God Brings Hope at a Winter CampAs I was preparing for the upcoming youth retreat, I was thinking that there would be about ten to twenty students attending. So I was taken aback when we arrived at the camp for our first session to find that over 50 young people had signed up for the weekend retreat. Rick and I had been invited to be the speakers and lead music for this annual youth event at this camp. The annual retreat is an outreach to the native students who are out for high school in urban settings away from their home communities.
As native people, as native families, and as a native young person of fourteen or fifteen years old, it is part of our painful life experience where the young people have to leave their families and their communities if they want to get an education beyond the grade eight level. Most of the twenty-five or so isolated native communities in our area have only up to a grade eight level education offered in their communities, with the exception of a few that do have up to grades nine and ten.
As we began our first session and I saw all those faces of the young people, I was
reminded of my own experience when, as a teenager, I had to leave my family and my community for high school. It is one of the painful life experiences that I’ve had. As I look back to that experience with a counselor’s perspective, I can say that it was a traumatic one. It was traumatic as a sixteen-year-old because, all of a sudden, I found myself hundreds of miles away from my home, in a world of hundreds of non-native students who seemed to just swirl around me in how they moved and spoke. The student population of this high school alone, that I had been sent to, was double the population of my little home village that I came from. I found this to be very frightening. I was not used to being around so many people who looked different and spoke in a different language. I was in culture shock that first month. It was an experience that immobilized me and caused me to want to withdraw from the world around me. At the same time, there was such an overwhelming sense of loneliness and homesickness. I wanted to go home!
This particular weekend brought memories of being away from my home at a young age and how hard it had been for me. I could just imagine how hard it must be to be away at school for these students. The statistics in our area still show that not many of our young people graduate from high school with a grade twelve education. It is still a big struggle for us as a people group. My heart just went out to the students who were there.

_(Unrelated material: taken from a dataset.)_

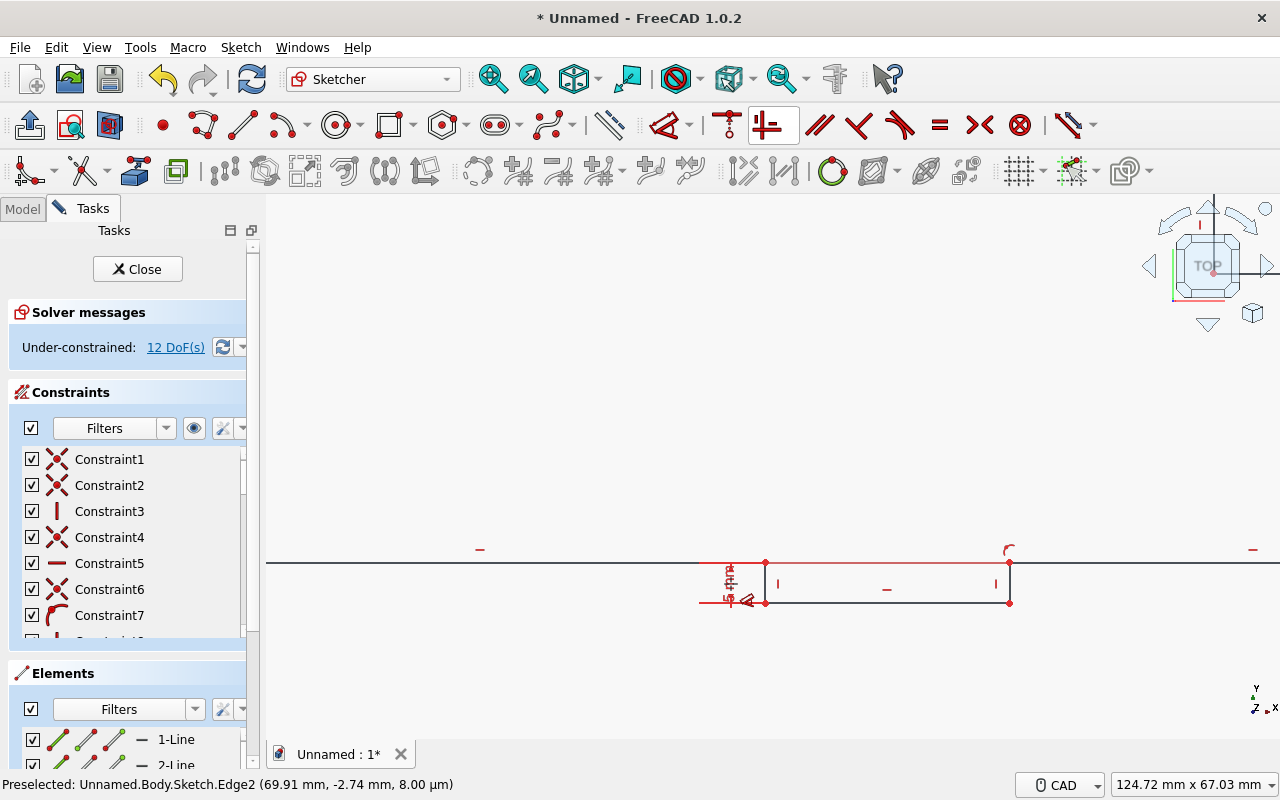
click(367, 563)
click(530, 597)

In my first session, I focused on the places where they could be in their hearts. My purpose in doing this was to validate what they may be going through at the present time. I mentioned how there could be places of stress that come from unfinished homework and the deadline of assignments. There could be just plain homesickness of being away from home, and add with that, the pain from relationship conflicts with their peer groups. I then spoke of how God may seem far if they are carrying all of this stuff in their hearts. I also mentioned how we as parents, caregivers, and church leaders can often make them feel so disconnected and alone. Yet, I shared that God knows and sees them exactly where they are and has “not forgotten them”.

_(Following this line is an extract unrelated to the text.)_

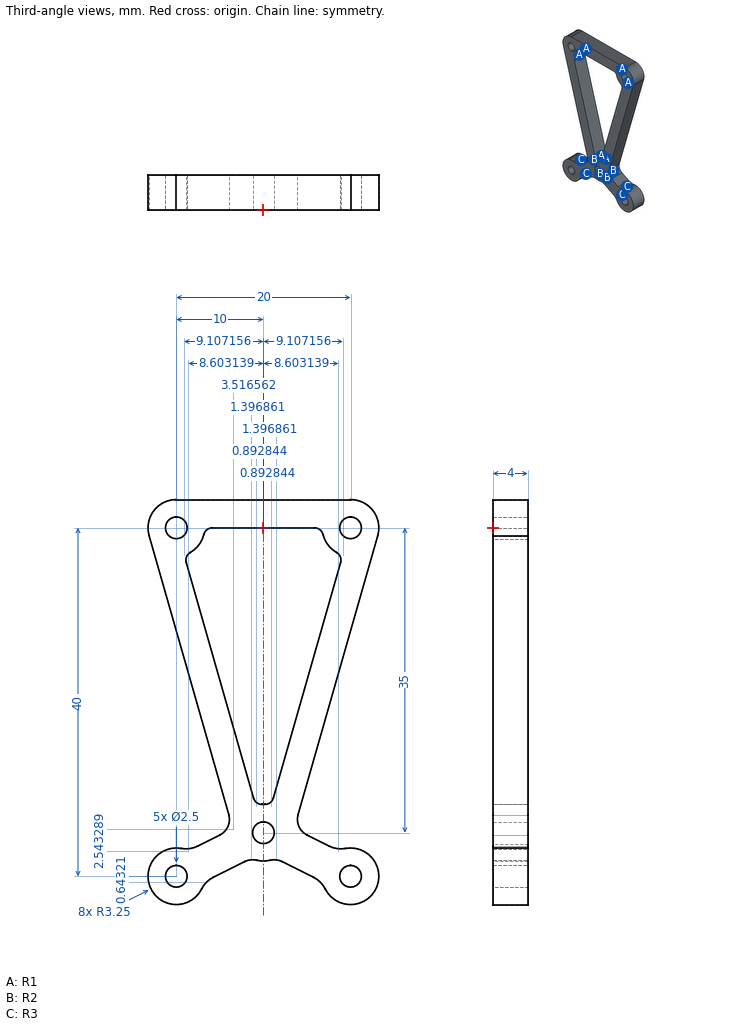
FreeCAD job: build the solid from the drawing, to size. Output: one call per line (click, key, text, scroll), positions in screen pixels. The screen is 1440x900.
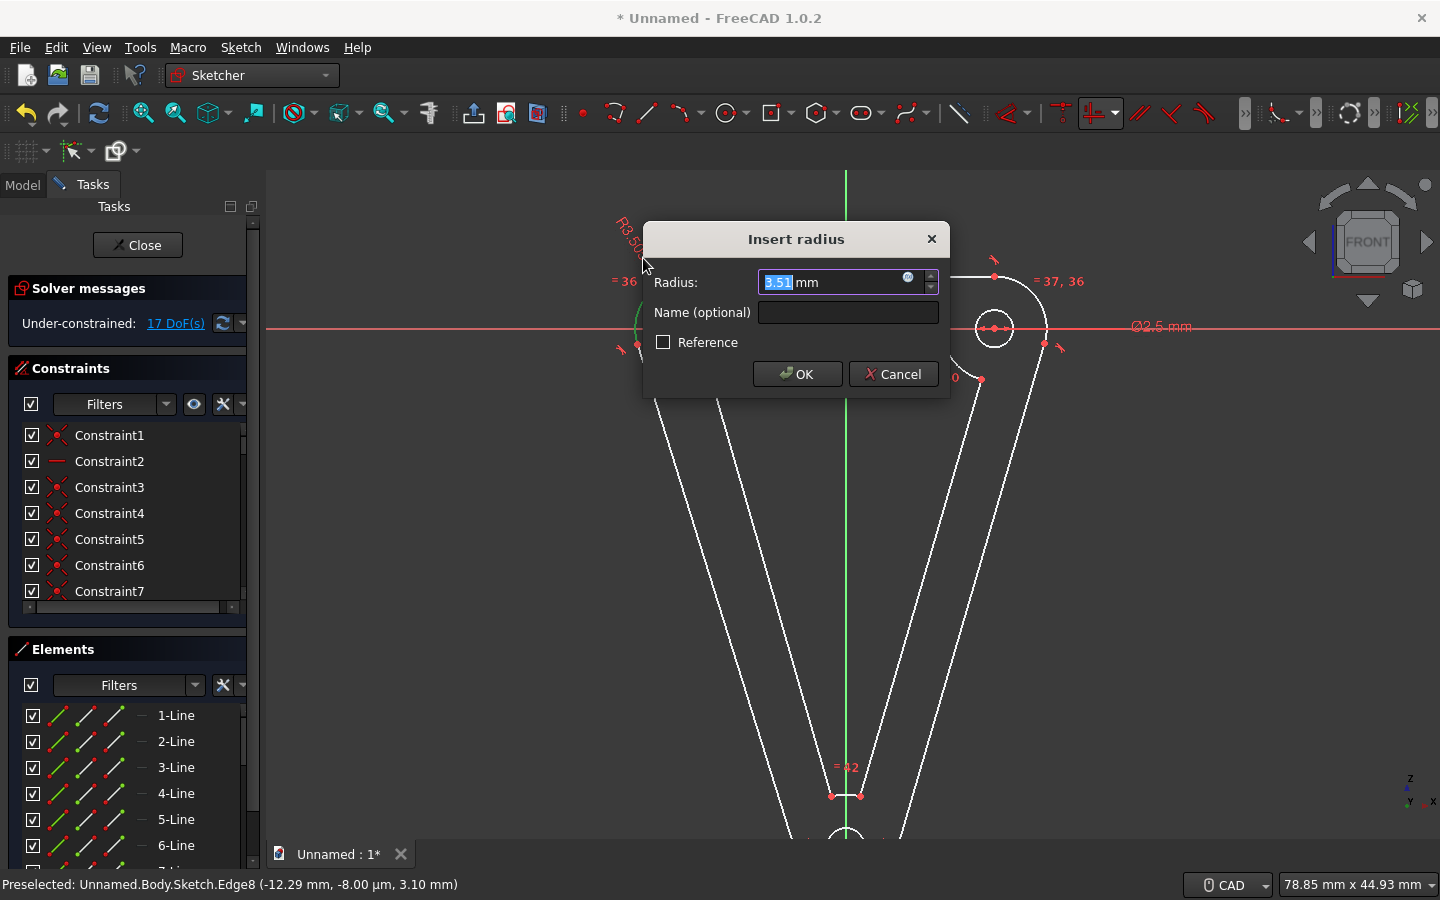
text(3.25)
key(Return)

I ended the session with the story of David the shepherd boy who became a king for a nation. He was a young shepherd boy who was left alone way out in the fields to look after the sheep. The older brothers were the ones who were called when the prophet Samuel came to Jesse to look for a king from among his sons. The father, Jesse, did not even think to call David to be one of his sons that Samuel might choose from. But God had not forgotten David. He actually had David in mind when He sent the prophet to Jesse. He wanted David, the shepherd boy, to be the next king for the people of Israel.
The next two sessions that Rick and I did, the fifty or more students were attentive and listening. For the second session, I felt the urgency to tell them about Jesus. I felt urgency to tell them that Jesus was real. I contrasted to them how they
live in world of i-pods, i-phones, texting, television, magazines, etc. where there is very little or no room for them to hear about Jesus. By the end of the second session, they were starting to respond to the teaching. One young woman came to speak to me after the session. She shared that she had been assaulted. She was still experiencing the trauma from that experience. I met and counseled with her until she calmed down and she was able to begin to talk about her pain.
Toward the end of our time together, she shared how her grandma who died since then, used to sing a song to her in our Cree language. This song meant a lot to her! I encouraged her to sing it and told her that I might know it and if I did, I would sing with her. Sure enough as she began singing, hesitantly at first, I knew the song. I quietly joined her in her song and oh, did she ever love that! When we were done, she could not stop chuckling. She changed from this young woman who was filled with fear, literally shaking, to a young woman who was singing and chuckling.
I never ceased to be amazed how God touches and changes the hearts of people right in front of our eyes. I see this over and over again in our ministry as people are being touched in their pain. It also confirms to me again how counseling needs to be creative, in how we touch the hearts of the hurting people, and how we bring Jesus to them. It was truly a blessing to be with this young woman that night. It was also a blessing to see how God used His message of hope in the lives of many of the fifty other young people that cold weekend in February. We give praise to God.